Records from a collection
____________
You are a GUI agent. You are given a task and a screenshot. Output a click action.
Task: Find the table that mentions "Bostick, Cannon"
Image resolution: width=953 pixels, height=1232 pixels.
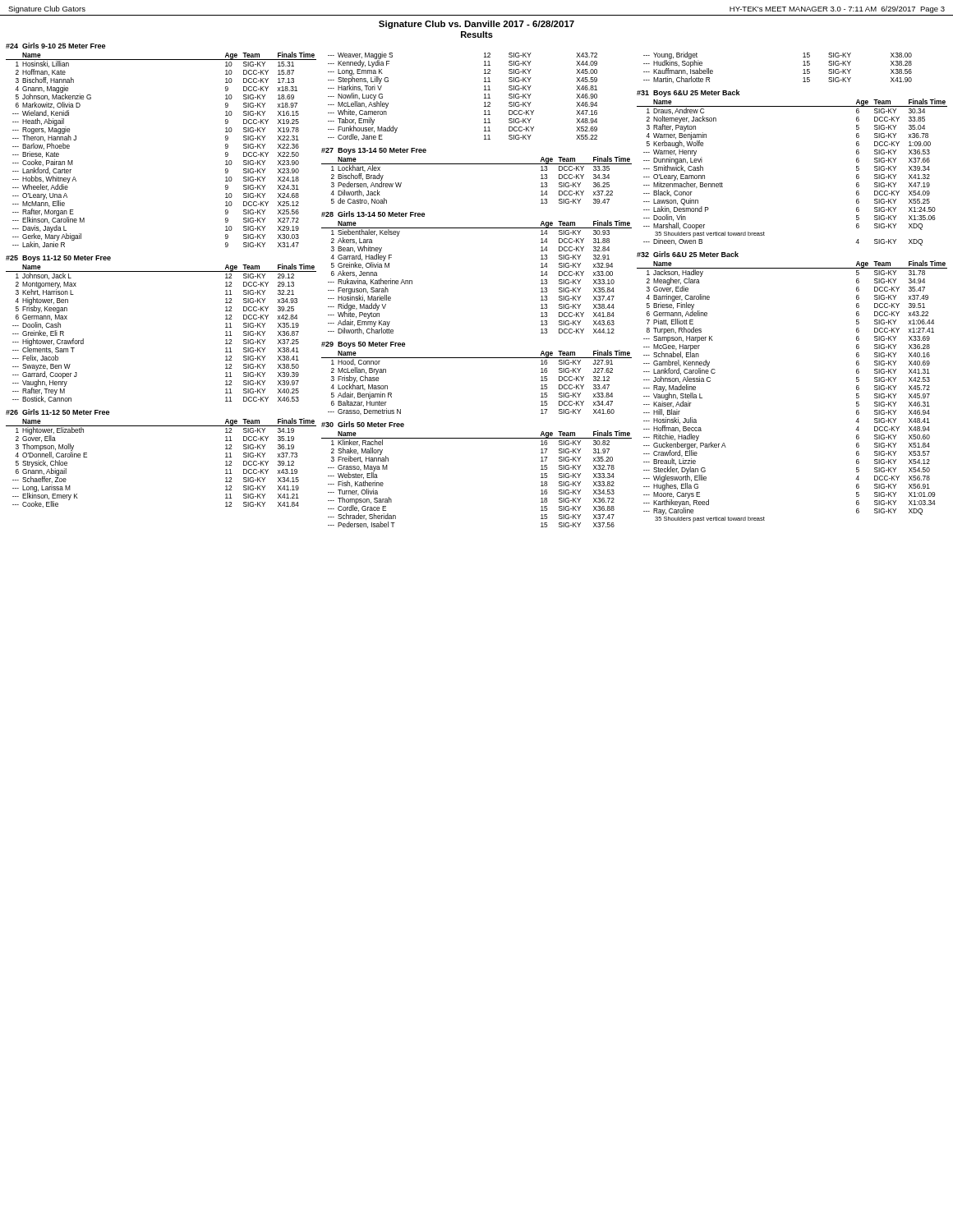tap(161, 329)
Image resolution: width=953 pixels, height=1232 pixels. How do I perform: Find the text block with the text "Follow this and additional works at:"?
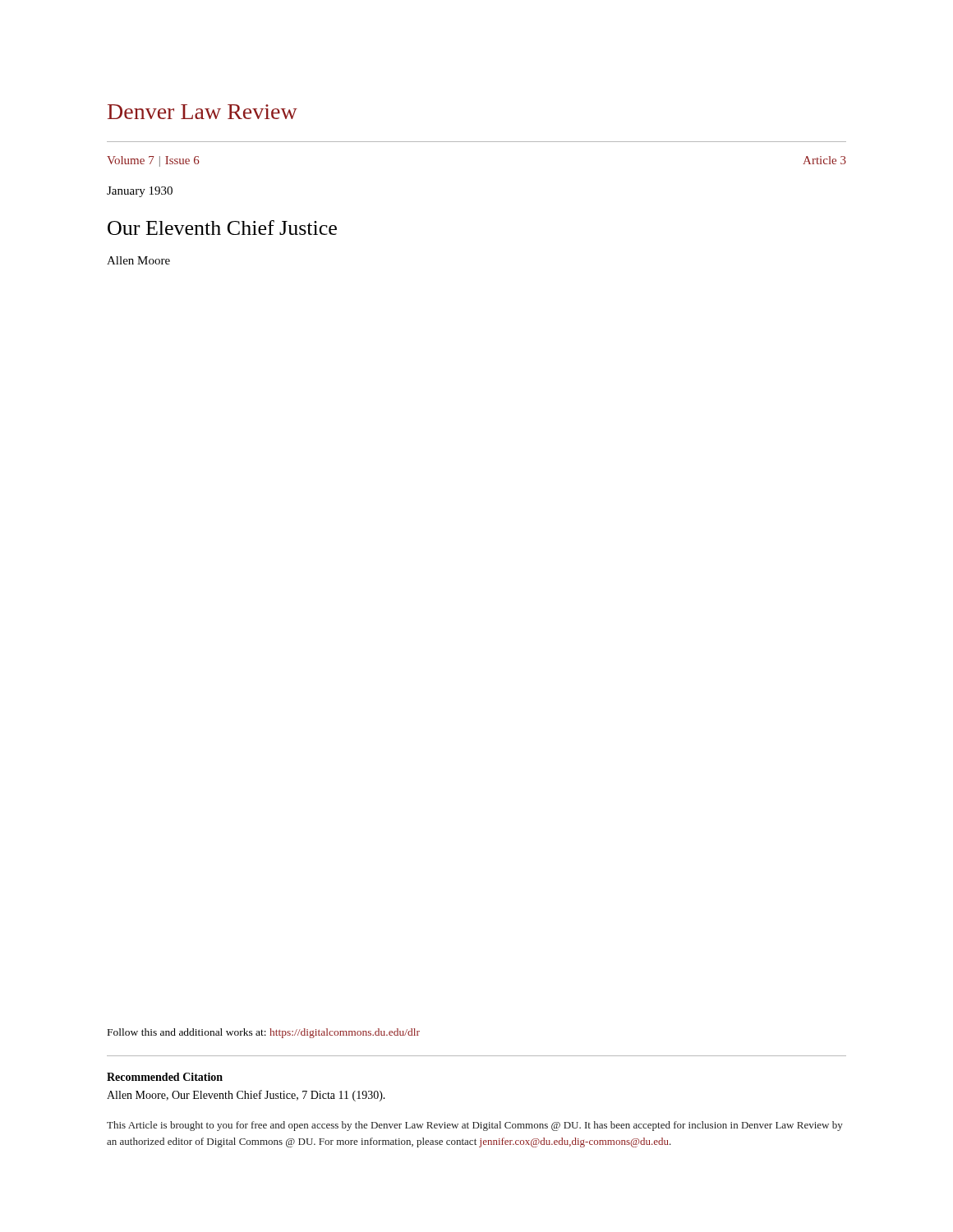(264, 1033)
____________
Goal of the exercise:
Your copy should match the entries exactly, minus the pictures.

Solution:
You are a GUI agent. You are given a task and a screenshot. Output a click action.
Task: Find the table that mentions "Bostick, Cannon"
Image resolution: width=953 pixels, height=1232 pixels.
tap(161, 329)
Image resolution: width=953 pixels, height=1232 pixels. How do I perform: Find the text block with the text "Follow this and additional works at:"?
(264, 1033)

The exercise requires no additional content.